If I understand correctly your neighbour has built into the "gap" between two terraces. Hopefully he owns the land in the "gap" otherwise he has built his extension illegally.

If he or someone else owns the land in the "gap" then obviously you can't build there.


----------



## picorette (27 May 2010)

It does not appear that this is a party wall, as it seems from your post that your neighbour has built a wall within his own boundary, whilst a party wall would be erected on the line between the two properties.

However, it would be advisable to come to an agreement with your neighbour if you do construct at first floor level, and this is simply achievable. Planning permission would be required for this extension to the side of your house, and as a part of that your Architect would draw a detail to show how your building would meet your neighbour's.

There is recent legislation regarding party structures - The Land and Conveyancing Law Reform Act 2009 - but it would be used as a last resort.


----------



## BornToRun (27 May 2010)

Thanks for the replies guys,

Let me see if I can explain it a bit better.  Both houses are end of terrace ( I know some people call it semi-d) but technically they are both end of terrace. Both originally had garages which appear to share a wall and nothing above either garage. The neighbour has converted the garage and built a bedroom above his garage and therefore extended the height of the original shared wall. (And incidentally it does appear to go over the boundary by about 6 inches in the direction of the house I am viewing - cheeky bugger!)

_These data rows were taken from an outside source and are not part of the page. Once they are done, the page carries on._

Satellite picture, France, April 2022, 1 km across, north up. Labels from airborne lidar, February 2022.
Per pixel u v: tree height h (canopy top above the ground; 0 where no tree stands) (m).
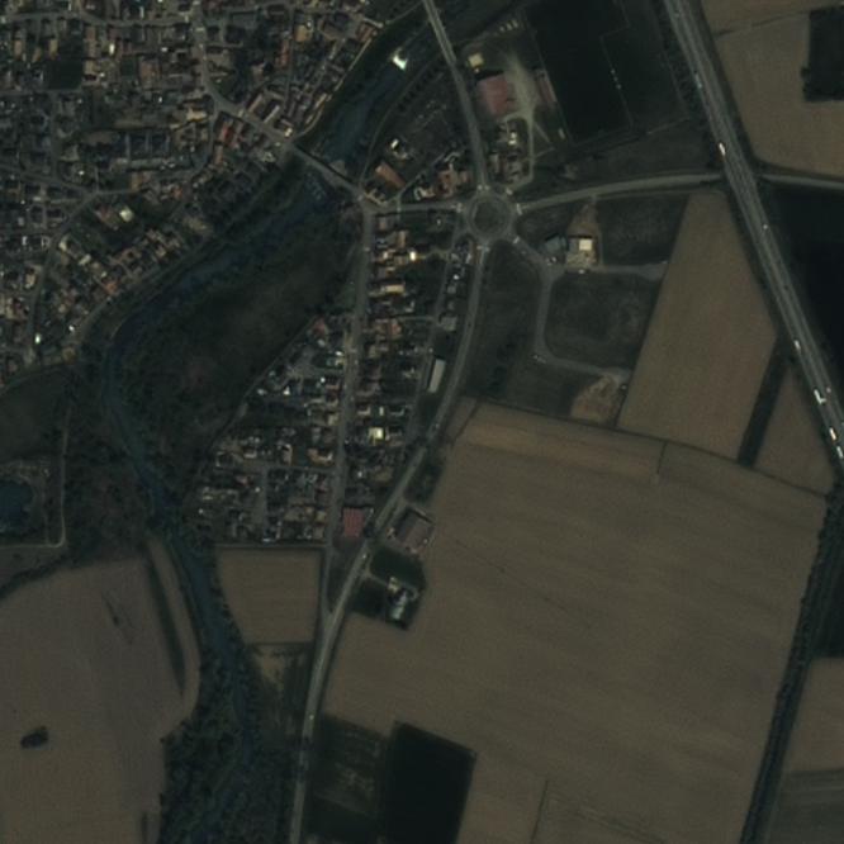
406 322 0
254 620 0
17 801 0
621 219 0
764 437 0
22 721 0
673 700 0
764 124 0
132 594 0
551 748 0
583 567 0
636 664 0
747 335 0
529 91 0
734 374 0
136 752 0
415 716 0
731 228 0
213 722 21
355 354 0
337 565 0
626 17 0
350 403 0
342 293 0
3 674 0
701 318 0
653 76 0
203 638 0
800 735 0
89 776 0
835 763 0
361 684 0
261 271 13
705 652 0
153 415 11
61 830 0
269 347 0
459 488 0
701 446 0
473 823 0
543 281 0
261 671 0
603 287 0
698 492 0
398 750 0
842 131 0
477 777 0
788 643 0
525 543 0
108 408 0
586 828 0
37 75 0
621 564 0
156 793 0
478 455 0
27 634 0
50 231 0
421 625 0
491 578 0
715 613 0
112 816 0
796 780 0
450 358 0
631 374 0
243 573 0
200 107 0
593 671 0
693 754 0
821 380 0
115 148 0
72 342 0
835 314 0
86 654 0
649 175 0
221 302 0
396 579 0
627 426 0
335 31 0
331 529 0
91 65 0
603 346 0
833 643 0
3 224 0
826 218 0
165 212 0
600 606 0
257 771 14
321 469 0
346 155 0
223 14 10
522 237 0
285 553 0
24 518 14
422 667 0
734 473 0
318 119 0
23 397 0
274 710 0
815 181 0
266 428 6
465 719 0
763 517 0
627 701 0
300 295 0
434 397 0
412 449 7
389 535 0
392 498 0
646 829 0
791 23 0
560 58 0
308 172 0
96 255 11
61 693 0
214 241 6
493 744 0
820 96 7
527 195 0
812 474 0
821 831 0
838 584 0
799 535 0
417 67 0
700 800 0
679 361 0
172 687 0
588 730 0
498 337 0
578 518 0
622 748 0
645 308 0
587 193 0
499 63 0
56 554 0
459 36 0
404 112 8
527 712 0
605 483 0
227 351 0
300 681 0
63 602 0
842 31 0
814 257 0
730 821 0
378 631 0
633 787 0
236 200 0
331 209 12
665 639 0
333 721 0
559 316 0
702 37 0
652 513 0
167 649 0
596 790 0
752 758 0
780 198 0
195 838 0
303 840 0
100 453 9
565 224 0
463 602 0
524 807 0
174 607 0
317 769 0
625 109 0
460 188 7
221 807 0
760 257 0
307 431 0
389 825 0
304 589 0
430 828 0
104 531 0
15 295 0
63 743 0
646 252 0
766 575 0
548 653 0
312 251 0
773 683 0
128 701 0
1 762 0
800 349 0
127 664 0
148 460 10
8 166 0
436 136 0
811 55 0
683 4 0
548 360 0
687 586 0
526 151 0
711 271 0
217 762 0
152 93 0
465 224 0
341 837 0
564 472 0
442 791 0
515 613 0
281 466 0
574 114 0
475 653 0
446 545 0
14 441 0
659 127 0
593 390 0
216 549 15
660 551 0
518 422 0
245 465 0
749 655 0
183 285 0
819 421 0
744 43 0
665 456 0
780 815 0
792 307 0
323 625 0
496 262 0
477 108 9
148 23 0
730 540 0
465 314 0
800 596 0
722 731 0
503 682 0
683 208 0
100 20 0
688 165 0
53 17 0

I suppose the reason I am asking is that if we had to built another wall beside his wall it would take another foot (at least) off the proposed room! 
The wall he has built on the first floor is definitely on a line between the two properties. (and like I said above a little over the line at the first floor level)


----------



## David_Dublin (27 May 2010)

It's not the first time this kind of thing has happened. You'll end up having to use his wall as a party wall.


----------



## picorette (27 May 2010)

You could think of it as an advantage in that he has already built the other side wall for your future first floor extension. All you have to do is fill in the two ends!

The tricky part is negotiating with him & agreeing construction details, but it should be achievable if you use an Architect with such experience.


----------



## onq (27 May 2010)

Take nothing for granted.

If this is your intention you need to discuss it with the adjoining propertyholder before you buy or be prepared to engage in legal disputes under the Land Conveyancing Law Reform Act 2009.

[broken link removed]

This is a draconian piece of legislation, trundling over the rights of property holders in favour of persons who wish to develop or do things to things on or near the boundary.
Oddly enough it may work in your favour, but there are checks and balances in it for people with money and access to legal representation.
It'll no doubt end up as a nice little earner for some brief still reeling from the loss of his conveyancing income.
But it presents quite a frightening prospect if you are living alone in retirement

Chapter 3 Party Structures refers, Sections 43 to 47 inclusive numbered pages 38 to 41.

Its poor recompense to someone who has grown champion roses or vegetables to see them destroyed by a builder who leaves after six months of noise, nuisance abd disruption having "reinstated the ground" with a paltry handfull of grass seed and some compost - leaving further recompense at the end of a costly court action.

The worst part is where the "building owner" [the developer] can claim money from the [adjoining owner] as follows:

==========================

_*S. 44* (3) The building owner may—
__ (a) claim from the adjoining owner as a contribution to, or
deduct from any reimbursement of, the cost and expenses
of making good such damage under subsection (2)(a), or

(b) deduct from compensation under subsection (2)(b)(ii),
_​_ such sum as will take into account the proportionate use or enjoyment
of the party structure which the adjoining owner makes or, it
is reasonable to assume, is likely to make.

_==========================

Think about it.

A self-builder with a digger can go to court, get an order, make a mess of your prized begonians for six months, build an ugly rationalist boardmarked concrete wall with no capping that will stain badly in a year, but which is part of a development that wins an Award from the RIAI or AAI - and charge you for the privilege!

I ask you!

ONQ.

[broken link removed]

All advice on AAM is remote from the situation and cannot be relied upon                             as a defence or support - in and of itself -        should       legal        action    be      taken.
Competent legal and building professionals should be asked to advise in                             Real Life with rights to inspect and issue      reports    on     the         matters    at      hand.


----------